Entra admin portal > Protect > Identity Protection > User risk policy > Configure remediation

PIM for Groups

# Requires Entra ID P2
Enable-AzureADGroupPIM -GroupObjectId "group-guid"

Portal navigation:

Entra admin portal > Identity > Groups > Select group > Privileged access > Enable

Before/After Comparison: What Changes for Practitioners?

Prior to these updates, enforcing strong authentication and risk remediation meant cobbling together scripts, manual reviews, and custom workflows. Now, you can:

  • Enforce FIDO2 for admins without affecting all users
  • Automatically block risky sign-ins, not just flag them
  • Apply JIT access to groups—no more static memberships

These changes reduce manual overhead, improve security outcomes, and help address compliance requirements.

Top Mistakes to Avoid

1. Assuming All MFA Is Equal: Conditional Access now distinguishes authentication strength.

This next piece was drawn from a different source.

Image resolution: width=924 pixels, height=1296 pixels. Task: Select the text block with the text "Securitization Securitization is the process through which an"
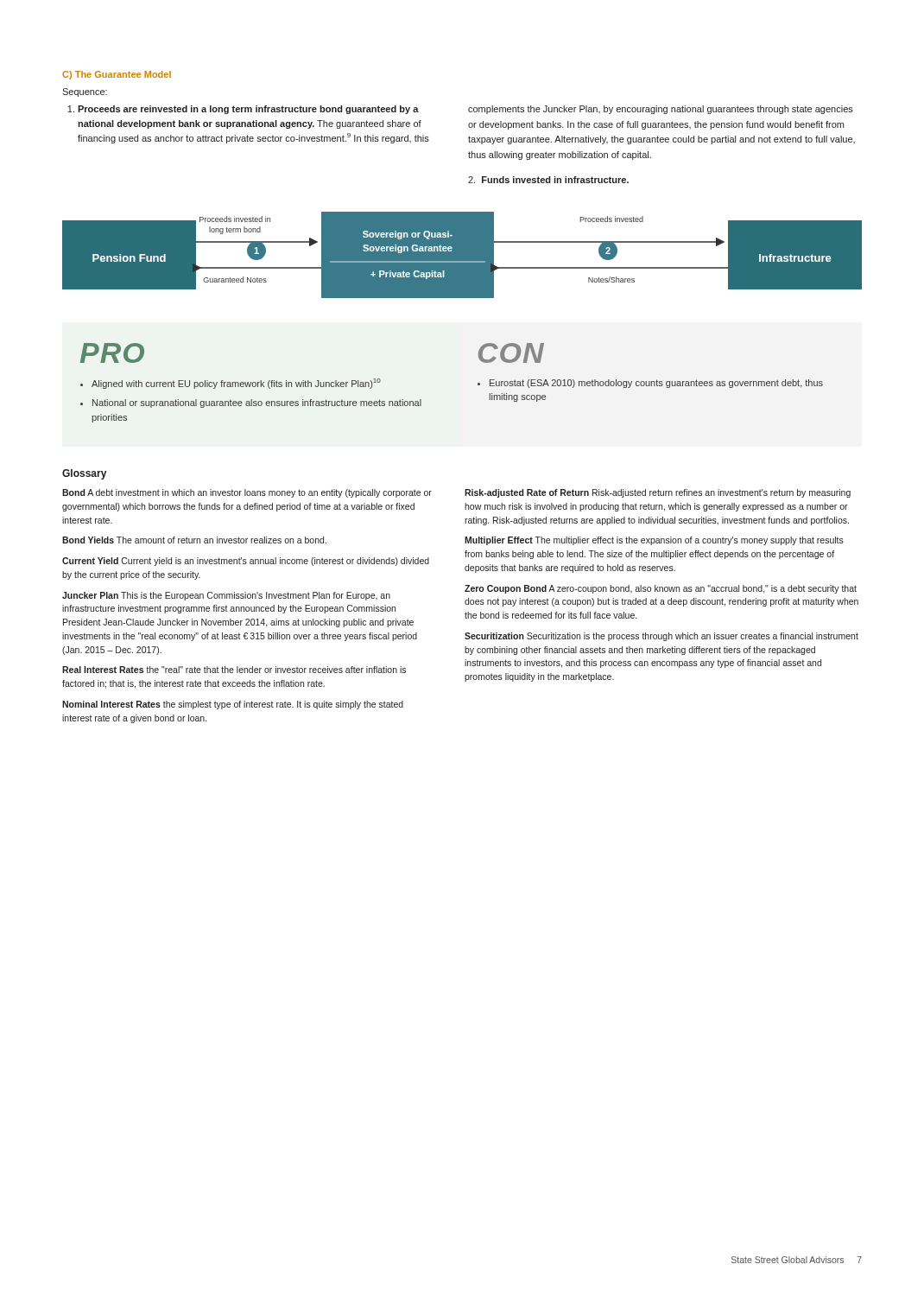click(661, 656)

Don’t rely on generic MFA; configure policies for phishing-resistant methods.

2. Overlooking Licensing: The new features require Entra ID P2. Verify your licensing before rollout to avoid unexpected errors.

3. Neglecting User Experience: Forcing high-strength authentication everywhere can frustrate users. Scope policies carefully—target admins, privilege users, and high-value apps.

4. Failing to Review Automated Remediation: Automated actions on high-risk users are powerful, but can disrupt business processes if misconfigured. Start with test groups, monitor, and adjust policies iteratively.

Practical Takeaway: What Should You Do Next?

Microsoft Entra ID’s latest features give you more control, more automation, and better alignment with Zero Trust principles. Review your Conditional Access and Identity Protection policies now—adapt them to use authentication strengths and automated remediation, and start piloting PIM for Groups. Monitor the Microsoft Security blog for roadmap updates, and plan your licensing and rollout strategy to maximize impact. The threat landscape isn’t waiting, and neither should you.